I'm trying to clean up some scanned-in (OCR) text that contains a whole bunch of stuff (names, addresses, arcane number strings, stray punctuation, dates, and much more). Not through any fault of either my scanner or my software, the documents are an unholy mess. These are commercially-purchased reports for which I have no control whatsoever on either the accuracy of the original typist -or- the resulting reports' friendliness to a scanner. In their miserly greed to save (negligible) real estate on each page of the publication in order to save on postage, two years ago they began to randomly tighten the letting (the spacing) between each line of text — to the point now where the publisher shamelessly allows the characters between lines to not only touch but at times overlap.
When I'm not devising ways of torturing the typesetter responsible for committing these crimes upon page layout, I'm contemplating personally sending him the entire section of my Pagemaker manual describing the basics of letting, which begins with:
Do not overlap lines or you really will look like an amateur.
The lines frequently touch one another (for an OCR this is the Kiss of Death) but it's even worse!
The moron who types these documents, in addition to being a terrible typist, follows
no single convention for either capitalization, abbreviation, or dates!
Mr.
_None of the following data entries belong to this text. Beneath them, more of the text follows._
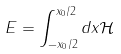<formula> <loc_0><loc_0><loc_500><loc_500>E = \int _ { - x _ { 0 } / 2 } ^ { x _ { 0 } / 2 } d x \mathcal { H }</formula> 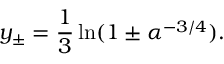Convert formula to latex. <formula><loc_0><loc_0><loc_500><loc_500>y _ { \pm } = \frac { 1 } { 3 } \ln ( 1 \pm \alpha ^ { - 3 / 4 } ) .</formula> 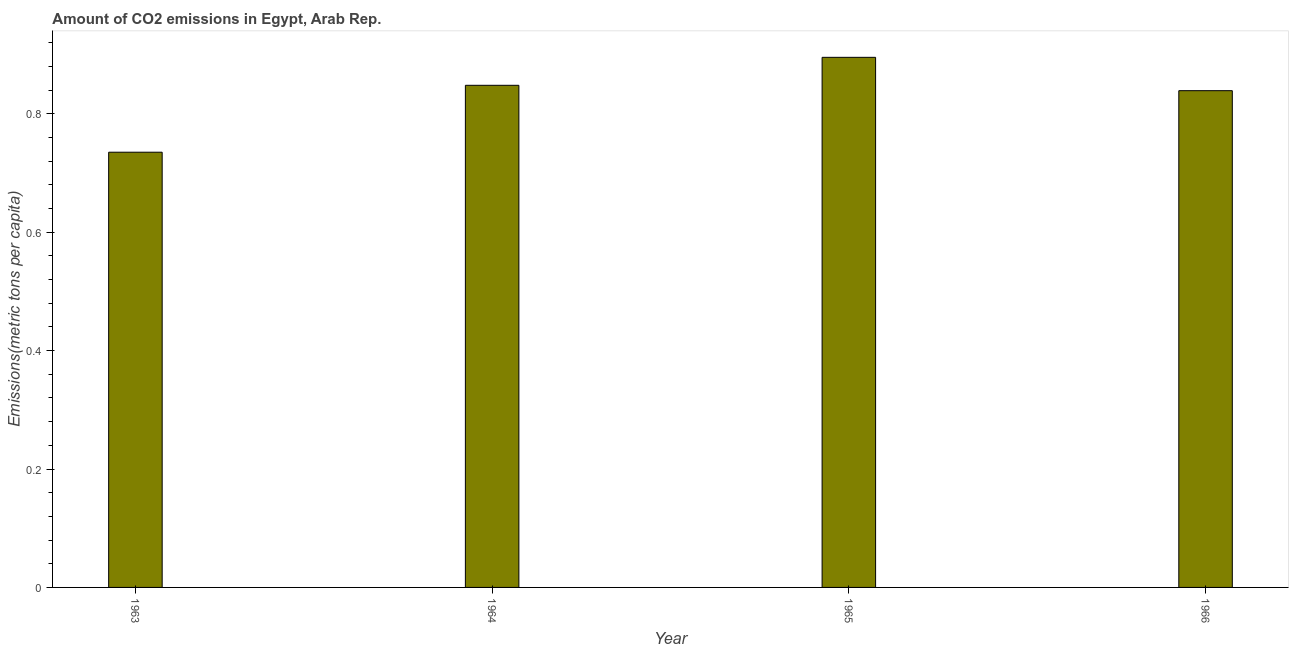Does the graph contain grids?
Provide a short and direct response. No. What is the title of the graph?
Provide a short and direct response. Amount of CO2 emissions in Egypt, Arab Rep. What is the label or title of the X-axis?
Offer a terse response. Year. What is the label or title of the Y-axis?
Make the answer very short. Emissions(metric tons per capita). What is the amount of co2 emissions in 1963?
Offer a terse response. 0.74. Across all years, what is the maximum amount of co2 emissions?
Offer a terse response. 0.9. Across all years, what is the minimum amount of co2 emissions?
Make the answer very short. 0.74. In which year was the amount of co2 emissions maximum?
Give a very brief answer. 1965. In which year was the amount of co2 emissions minimum?
Keep it short and to the point. 1963. What is the sum of the amount of co2 emissions?
Keep it short and to the point. 3.32. What is the difference between the amount of co2 emissions in 1963 and 1964?
Offer a very short reply. -0.11. What is the average amount of co2 emissions per year?
Your answer should be very brief. 0.83. What is the median amount of co2 emissions?
Your response must be concise. 0.84. In how many years, is the amount of co2 emissions greater than 0.6 metric tons per capita?
Make the answer very short. 4. Do a majority of the years between 1964 and 1963 (inclusive) have amount of co2 emissions greater than 0.56 metric tons per capita?
Make the answer very short. No. What is the ratio of the amount of co2 emissions in 1965 to that in 1966?
Ensure brevity in your answer.  1.07. Is the amount of co2 emissions in 1964 less than that in 1965?
Offer a very short reply. Yes. What is the difference between the highest and the second highest amount of co2 emissions?
Ensure brevity in your answer.  0.05. Is the sum of the amount of co2 emissions in 1964 and 1966 greater than the maximum amount of co2 emissions across all years?
Offer a terse response. Yes. What is the difference between the highest and the lowest amount of co2 emissions?
Offer a very short reply. 0.16. In how many years, is the amount of co2 emissions greater than the average amount of co2 emissions taken over all years?
Your response must be concise. 3. How many bars are there?
Make the answer very short. 4. How many years are there in the graph?
Offer a very short reply. 4. Are the values on the major ticks of Y-axis written in scientific E-notation?
Your answer should be very brief. No. What is the Emissions(metric tons per capita) of 1963?
Provide a succinct answer. 0.74. What is the Emissions(metric tons per capita) of 1964?
Your answer should be very brief. 0.85. What is the Emissions(metric tons per capita) in 1965?
Provide a succinct answer. 0.9. What is the Emissions(metric tons per capita) in 1966?
Your answer should be very brief. 0.84. What is the difference between the Emissions(metric tons per capita) in 1963 and 1964?
Make the answer very short. -0.11. What is the difference between the Emissions(metric tons per capita) in 1963 and 1965?
Ensure brevity in your answer.  -0.16. What is the difference between the Emissions(metric tons per capita) in 1963 and 1966?
Your answer should be compact. -0.1. What is the difference between the Emissions(metric tons per capita) in 1964 and 1965?
Keep it short and to the point. -0.05. What is the difference between the Emissions(metric tons per capita) in 1964 and 1966?
Your response must be concise. 0.01. What is the difference between the Emissions(metric tons per capita) in 1965 and 1966?
Keep it short and to the point. 0.06. What is the ratio of the Emissions(metric tons per capita) in 1963 to that in 1964?
Provide a succinct answer. 0.87. What is the ratio of the Emissions(metric tons per capita) in 1963 to that in 1965?
Your answer should be compact. 0.82. What is the ratio of the Emissions(metric tons per capita) in 1963 to that in 1966?
Give a very brief answer. 0.88. What is the ratio of the Emissions(metric tons per capita) in 1964 to that in 1965?
Provide a short and direct response. 0.95. What is the ratio of the Emissions(metric tons per capita) in 1964 to that in 1966?
Your answer should be compact. 1.01. What is the ratio of the Emissions(metric tons per capita) in 1965 to that in 1966?
Offer a very short reply. 1.07. 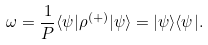Convert formula to latex. <formula><loc_0><loc_0><loc_500><loc_500>\omega = \frac { 1 } { P } \langle \psi | \rho ^ { ( + ) } | \psi \rangle = | \psi \rangle \langle \psi | .</formula> 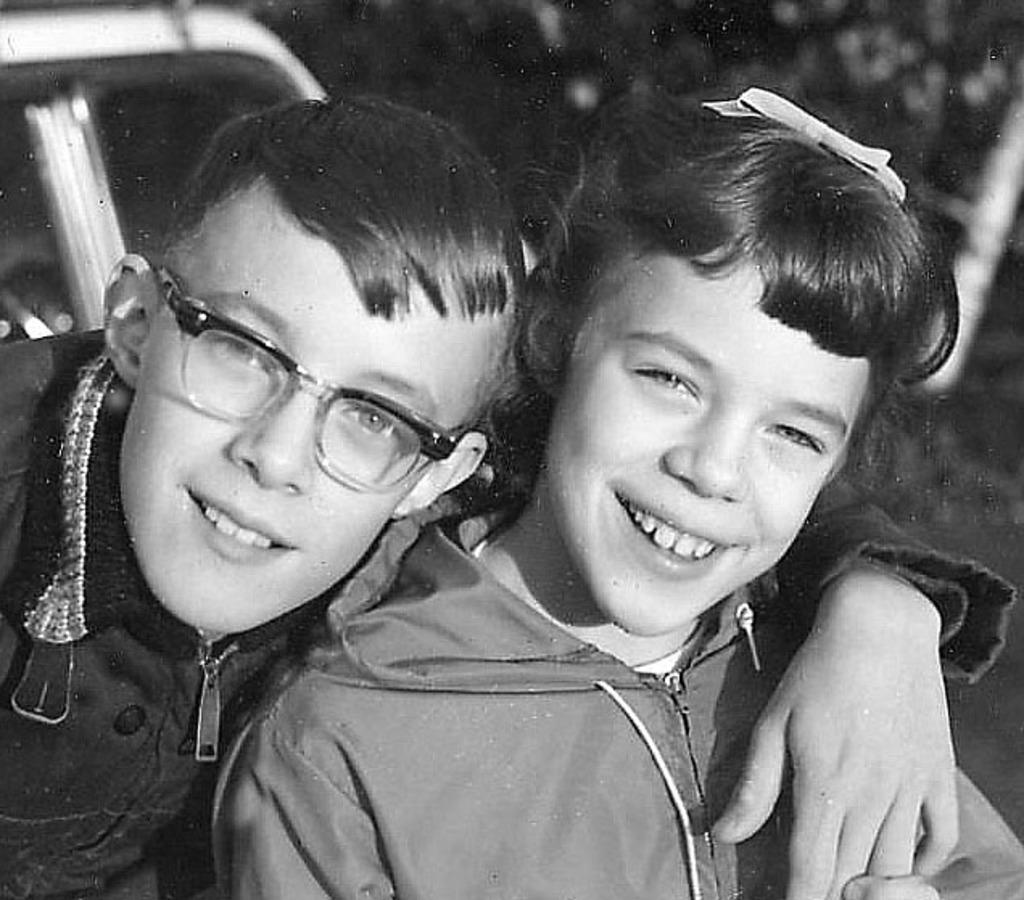How many kids are present in the image? There are two kids in the image. What is the facial expression of the kids? The kids are smiling. What can be seen in the background of the image? There is a vehicle in the background of the image. How many goldfish are swimming in the image? There are no goldfish present in the image; it features two kids and a vehicle in the background. What type of machine is being used by the kids in the image? There is no machine being used by the kids in the image; they are simply smiling. 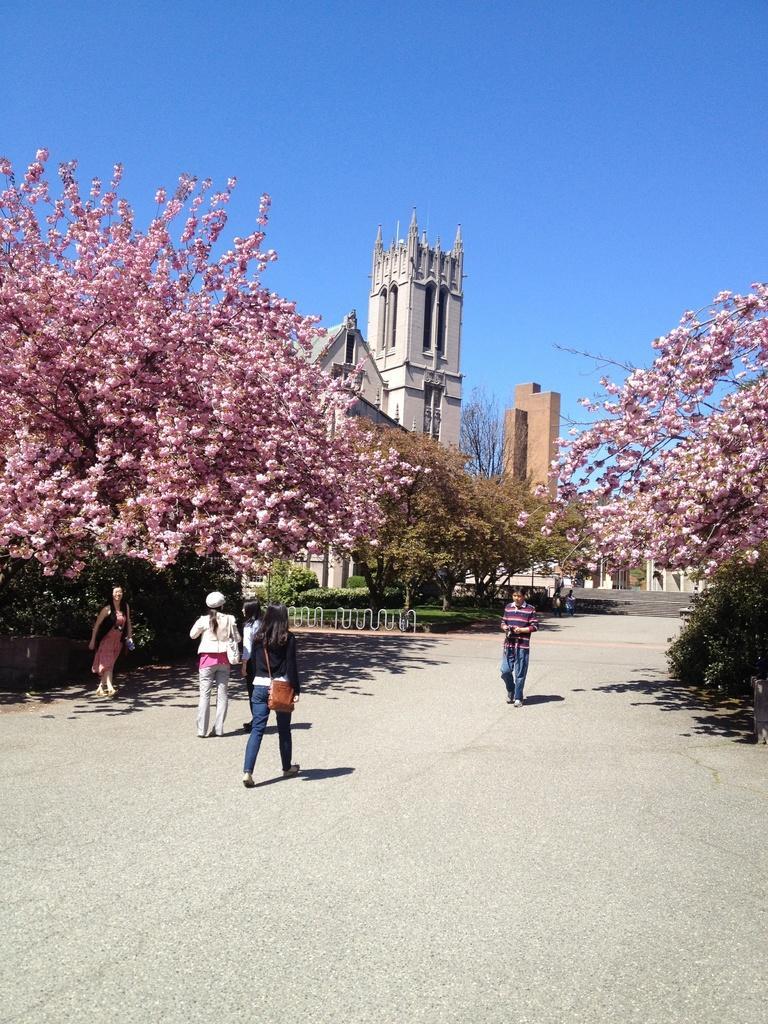Could you give a brief overview of what you see in this image? In this picture we can see five persons are walking, on the left side and right side there are trees, in the background we can see buildings, grass and trees, there is the sky at the top of the picture. 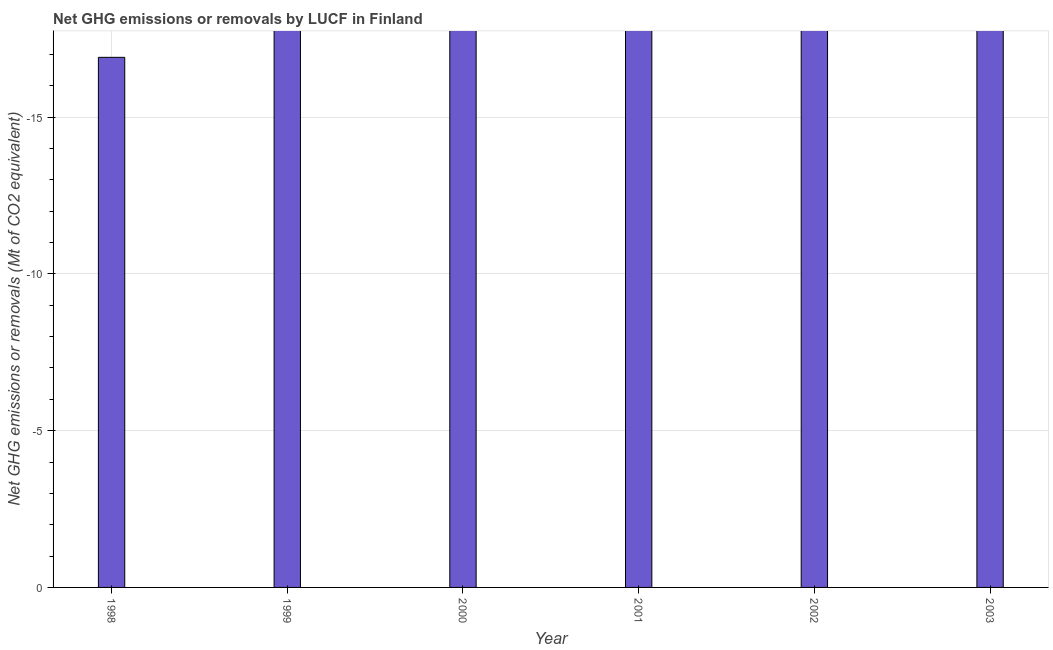Does the graph contain any zero values?
Offer a terse response. Yes. Does the graph contain grids?
Offer a terse response. Yes. What is the title of the graph?
Offer a terse response. Net GHG emissions or removals by LUCF in Finland. What is the label or title of the X-axis?
Keep it short and to the point. Year. What is the label or title of the Y-axis?
Ensure brevity in your answer.  Net GHG emissions or removals (Mt of CO2 equivalent). What is the ghg net emissions or removals in 2003?
Your response must be concise. 0. In how many years, is the ghg net emissions or removals greater than -6 Mt?
Your answer should be very brief. 0. How many years are there in the graph?
Provide a short and direct response. 6. What is the difference between two consecutive major ticks on the Y-axis?
Provide a short and direct response. 5. Are the values on the major ticks of Y-axis written in scientific E-notation?
Give a very brief answer. No.

McIntyre and
Mr. Mac Arthur can show up as (take your pick):
Mcintyre, McIntyre, MCINTYRE, MC INTYRE, and (pant pant) Mc Intyre.
Mac Arthur meets the same fate:
Macarthur, MacArthur, MACARTHUR, MAC ARTHUR and Mac Arthur.
Still with me? tsk. You
did ask.
There are about, oh 30 crisis points in these documents, one of which is the CAPITALIZATION torture performed on the Houses of MC and MAC. I'm particular about last names that begin with Mc~ or Mac~ (no! we'd never guess why): I want my Mc with a lower-case c followed by an UPPER CASE letter; and the same for Mac — the letter that follows Mac~ in UPPER CASE. Examples from the Wasteland of my brain:
Mc Laughlin
Mac Arthur
Now in Textpad I can easily select the entire document and give it a sex change to CHANGE CASE/CAPITALIZE (the one where the first letter of every word is capitalized)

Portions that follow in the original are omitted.